According to economists Banerjee & Duflo, “The poor are skeptical about their supposed opportunities, and the possibility of any radical change in their lives…Therefore, they focus on the here and now, on living their lives as pleasantly as possible, and on celebrating when the occasion demands it.”

–Lynne Diligent

 

“No One Told Them to Have Children!” Is Becoming a Mainstream Attitude Today

March 7, 2015

Poor people having children

An economic trend and a social trend have combined today such that parents are now being judged today by a completely new set of criteria.

With the decline of the middle class, more people than ever before are being judged by the criteria, “No one told them to have children!”  In other words, the new criteria means that instead of full adulthood being conferred only upon those who have become parents and householders, that adults are now judged as being irresponsible for becoming parents, unless they can provide a middle-class standard or above for raising their children.

How did this change come about, and in only two generations?

The first element was a social change, with the sexual revolution, with availability and acceptability of contraception and abortion, and more young married adults choosing a child-free lifestyle.  A generation ago, those choosing to be child-free were called selfish.  Now, they are called responsible, especially if their incomes are not up to an upper-middle-class level.

In today’s America, getting married and having children is no longer the normal progression of adult life.  Now, it’s about finding a job or career which pays enough to afford a middle-class lifestyle.  Anyone who has children, by choice or mistakenly, without having achieved that, is now judged harshly as being a burden on society.

Thus, the middle classes are very careful now to have only one or two children.

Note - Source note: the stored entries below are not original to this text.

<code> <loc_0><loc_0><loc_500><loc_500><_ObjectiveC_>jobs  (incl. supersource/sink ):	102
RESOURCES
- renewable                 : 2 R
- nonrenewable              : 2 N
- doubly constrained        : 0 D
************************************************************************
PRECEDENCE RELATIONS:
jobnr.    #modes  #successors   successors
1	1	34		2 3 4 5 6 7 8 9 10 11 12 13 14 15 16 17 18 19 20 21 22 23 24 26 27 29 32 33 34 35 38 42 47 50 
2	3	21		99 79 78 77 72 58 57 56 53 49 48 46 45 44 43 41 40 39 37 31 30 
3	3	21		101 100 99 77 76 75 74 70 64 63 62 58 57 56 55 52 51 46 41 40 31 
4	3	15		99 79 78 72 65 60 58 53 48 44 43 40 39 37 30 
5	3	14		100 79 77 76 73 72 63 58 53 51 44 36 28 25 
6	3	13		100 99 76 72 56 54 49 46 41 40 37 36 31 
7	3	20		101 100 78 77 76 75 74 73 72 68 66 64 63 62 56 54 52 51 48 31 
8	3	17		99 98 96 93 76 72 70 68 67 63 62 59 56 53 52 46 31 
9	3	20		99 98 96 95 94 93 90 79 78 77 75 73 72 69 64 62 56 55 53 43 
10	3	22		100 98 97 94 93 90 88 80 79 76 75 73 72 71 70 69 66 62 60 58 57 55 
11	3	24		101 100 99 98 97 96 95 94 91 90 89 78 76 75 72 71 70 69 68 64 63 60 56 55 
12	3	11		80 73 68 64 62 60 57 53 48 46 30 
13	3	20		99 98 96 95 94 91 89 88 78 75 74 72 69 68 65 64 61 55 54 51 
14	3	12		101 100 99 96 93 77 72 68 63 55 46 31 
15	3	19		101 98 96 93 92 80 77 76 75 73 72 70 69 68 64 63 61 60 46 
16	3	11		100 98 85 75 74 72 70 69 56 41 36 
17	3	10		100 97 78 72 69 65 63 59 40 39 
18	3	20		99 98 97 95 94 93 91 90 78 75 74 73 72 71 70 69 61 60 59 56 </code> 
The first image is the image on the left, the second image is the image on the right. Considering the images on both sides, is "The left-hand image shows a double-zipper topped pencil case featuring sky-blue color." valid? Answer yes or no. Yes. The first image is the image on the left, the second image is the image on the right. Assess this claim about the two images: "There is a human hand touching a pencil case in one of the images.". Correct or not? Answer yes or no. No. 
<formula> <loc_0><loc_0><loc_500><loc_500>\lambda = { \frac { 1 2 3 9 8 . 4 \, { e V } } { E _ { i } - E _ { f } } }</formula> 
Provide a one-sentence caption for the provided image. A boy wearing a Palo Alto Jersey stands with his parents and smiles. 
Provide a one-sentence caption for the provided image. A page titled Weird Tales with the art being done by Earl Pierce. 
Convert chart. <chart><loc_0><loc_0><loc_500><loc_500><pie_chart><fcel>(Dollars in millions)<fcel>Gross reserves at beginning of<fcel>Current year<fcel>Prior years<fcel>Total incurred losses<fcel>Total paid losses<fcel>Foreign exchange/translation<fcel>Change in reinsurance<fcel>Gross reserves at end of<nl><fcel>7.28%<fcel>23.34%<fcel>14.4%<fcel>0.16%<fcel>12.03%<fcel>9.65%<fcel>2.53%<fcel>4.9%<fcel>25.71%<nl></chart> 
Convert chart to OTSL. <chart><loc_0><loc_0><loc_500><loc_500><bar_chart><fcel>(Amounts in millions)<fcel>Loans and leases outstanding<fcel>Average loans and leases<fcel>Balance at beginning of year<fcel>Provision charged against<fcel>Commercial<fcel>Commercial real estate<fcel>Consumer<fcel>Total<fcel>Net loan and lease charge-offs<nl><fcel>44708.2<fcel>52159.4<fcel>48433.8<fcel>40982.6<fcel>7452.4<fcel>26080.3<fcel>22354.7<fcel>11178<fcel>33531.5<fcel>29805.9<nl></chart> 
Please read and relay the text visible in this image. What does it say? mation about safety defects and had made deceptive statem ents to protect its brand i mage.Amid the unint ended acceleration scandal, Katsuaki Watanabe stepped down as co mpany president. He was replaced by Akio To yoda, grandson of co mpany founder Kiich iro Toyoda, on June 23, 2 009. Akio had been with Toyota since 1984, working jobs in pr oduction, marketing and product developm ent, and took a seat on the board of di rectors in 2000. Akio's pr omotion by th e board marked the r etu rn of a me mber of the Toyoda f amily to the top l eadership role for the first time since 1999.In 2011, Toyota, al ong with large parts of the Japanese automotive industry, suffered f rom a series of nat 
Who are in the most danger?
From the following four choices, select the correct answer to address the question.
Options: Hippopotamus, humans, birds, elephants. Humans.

A few upper-middle-class  families have several children, and can well afford them, but more are having only two children.  Lower-middle-class  parents, as well as any parents who are struggling financially, are now viewed as irresponsible, and that their problems are of their own making.  “No one told them to have children!” is now a common judgement by those without children.

The poor (even the married poor) are judged most harshly for having children, whereas in the past the married poor would have been expected to have children.  The poor often have more children, but not always for the reasons (irresponsibility) that the childless or better-off imagine.  (Those reasons are not the subject of this post.)

In the past, only Catholics were judged for having too many children and being poor because of it.  Now, all poor families are judged for having any children at all.

To other cultures, the new situation in America appears incredible.  Other societies view children as the foundation of their growth and family support of the different generations throughout life as a necessity.  Other societies place less burden on young parents, whether they provide free daycare for working mothers (European societies) or inter-generational child care for children, or even the support of having maids at home,  to enable parents to work.

Two generations ago, the norm was that women were at home caring for children, while men worked.  But as women have gone to work, American society has not provided any workable childcare solution compared to other societies.  The result is that now, it has become socially acceptable and even common to judge that whole classes of people should no longer be having children at all.